What is going to be the next PE?

With people like Steven Schwarzman at Blackstone or Henry Kravis at KRR, it seems clear that these individuals were incredible visionaries who developed a massively profitable investment vehicle that has spawned new industries and changed financial markets forever. To this day, PE funds continue to raise larger and larger funds and kids on WSO consider it to be the pinnacle of finance. It seems that everyone wants to get exposure to PE from both an LP and GP perspective. 

But it makes me wonder, what are going to be the industries in finance that kids will be clamoring over on this forum in 10 years. It seems that once upon a time it used to be trading/HF's (Liar's Poker) and people like George Soros, Julian Robertson, or Ken Griffin were the people everyone wanted to be like. Investing in public markets was cool and everyone wanted in. Today it seems that PE has filled that role and it seems unlikely to change any time soon. 

But that said, I'd love to know if people think that PE will continue to reign supreme in the long run or if something new is on the horizon. What do you guys think is going to be the thing that creates the type of Rubenstein's, Leon Black's, or Robert Smith's that we idolize today.

 

Idk if there will be another relatively accessible asset class like PE. The big ones that come up will probably be more niche and require additional professional training / degrees. One that comes to mind for me is litigation finance.

“When you pull on that jersey, the name on the front is a hell of a lot more important than the name on the back"
 

That's what I'm guessing. P3 market in the US isn't as developed as other countries, wondering if that could change in the future. For what it's worth, the Purple Line light rail just outside DC is a P3 and it looks like a judge ordered them to halt construction.

Quant (ˈkwänt) n: An expert, someone who knows more and more about less and less until they know everything about nothing.
 

What do you think has been the biggest hold up for infra so far? You could make the argument that the infrastructure of the US has been poor for a while now and despite the fact that everyone talks about it and we have an "infrastructure week" on Capitol Hill every year, few things seem to change on that front. Just wondering what the catalyst would be.  

 

I interviewed at a new place that closed their first coliving deal last year. Did not get the job, but I think I got the last laugh.

Quant (ˈkwänt) n: An expert, someone who knows more and more about less and less until they know everything about nothing.
 

SPACs. There's SPAC mania right now, for good reason. Did you know that there are currently 50% less public companies than there were in the year 2000? SPACs let the retail investor participate at the institutional investor ground floor -- at equivalent IPO pricing. You don't have to wait for the issuance's first trade to open 80% up on the first day before having a chance to place a bid. They are incredibly lucrative for the SPAC sponsor, potentially very lucrative for retail investors, and the companies themselves benefit through a shorter pathway to the public market.

 

I'm interested in learning more about this. Is it really a hot area or already saturated? Any potential good trades?

 

Do direct listings go hand in hand with this big yo a lesser degree? Palantir today will be like that, Spotify notably did in the past.

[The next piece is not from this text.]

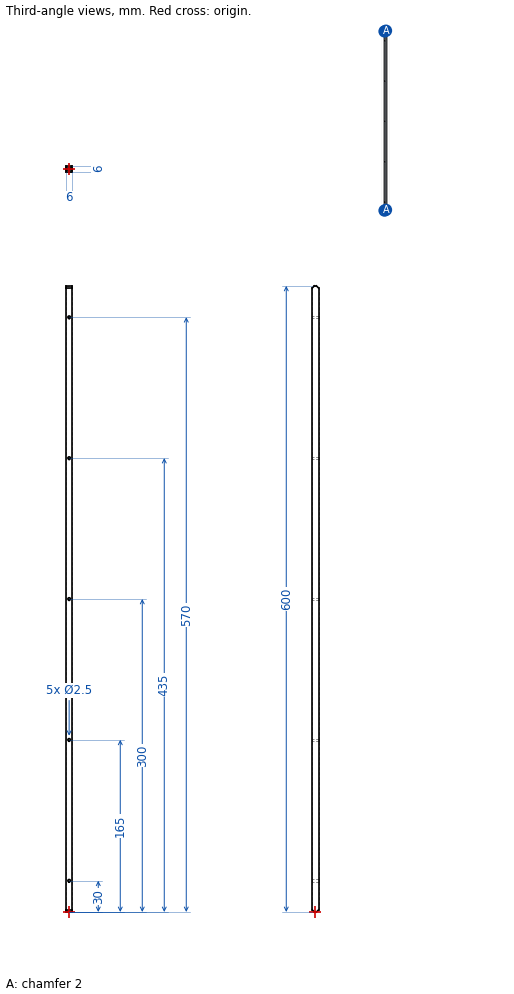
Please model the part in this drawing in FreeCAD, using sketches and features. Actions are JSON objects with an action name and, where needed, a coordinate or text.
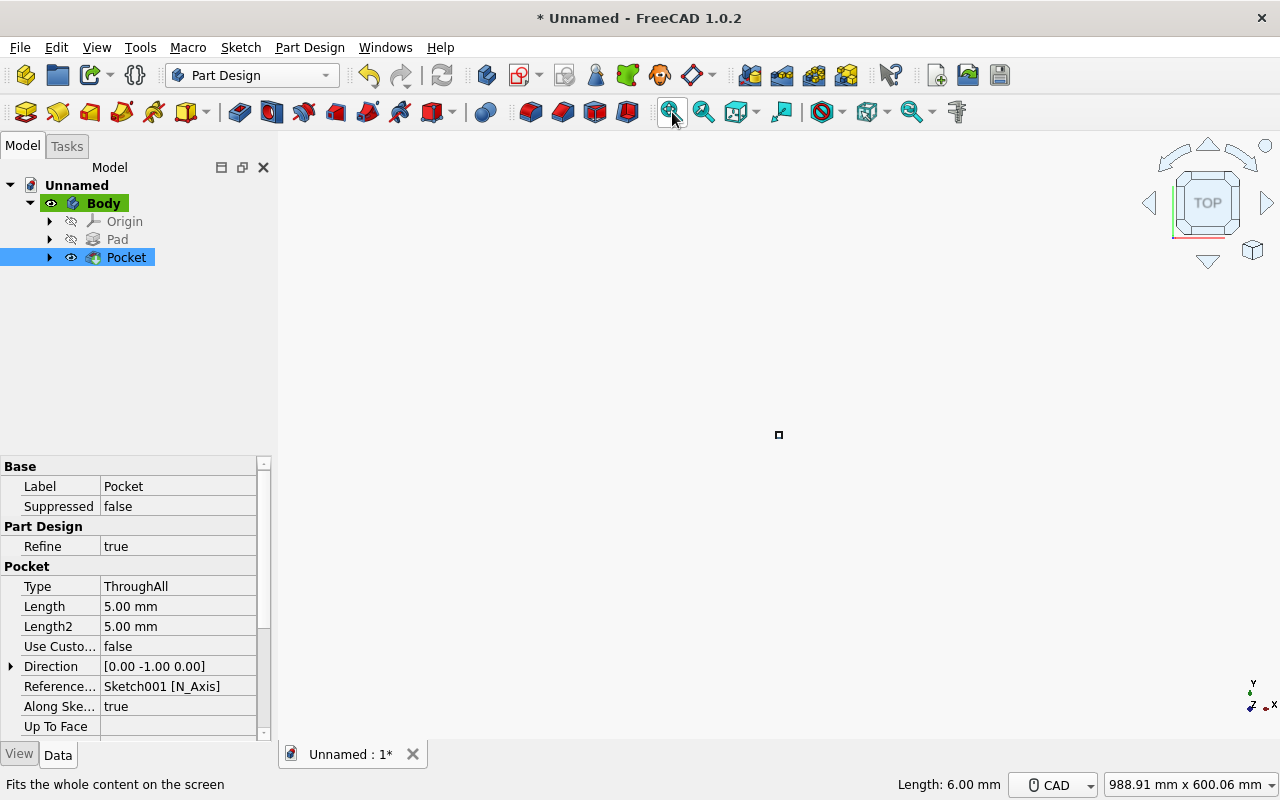
{"action": "left_click", "coordinate": [672, 112]}

Quant (ˈkwänt) n: An expert, someone who knows more and more about less and less until they know everything about nothing.
 

I think SPACs need a good deal of re-working from their current form to become a more viable long-term investment vehicle, although there are some steps in the right direction with modified structures like what Ackman is doing. They're great for the sponsor because you make a killing just by doing a deal regardless of its merits, but it creates some pretty glaring conflicts of interest that ultimately end up hurting those participating retail investors (the median completed SPAC deal has actually lost money for investors). I get the sense that the barriers to entry are pretty limited as well so there's a lot of people that have never done this before and would have no business running a PE fund for example, but are out there setting up SPACs

 

I’m thinking some form of democratized access to investing in alternative assets at scale. I’m surprised it hasn’t started already , but it is complicated.

Some form of cap raising through crowdfunding or whatever, or banks offering that product to regular people and taking a cut like a FoF would- THAT would be smart (they prolly do it already for HNW clients but still)

 

I read an article on Bisnow, I think last year, how some hotel/office building in the UK was sold, and shares in the building were sold, like a reit but for individual buildings.

Quant (ˈkwänt) n: An expert, someone who knows more and more about less and less until they know everything about nothing.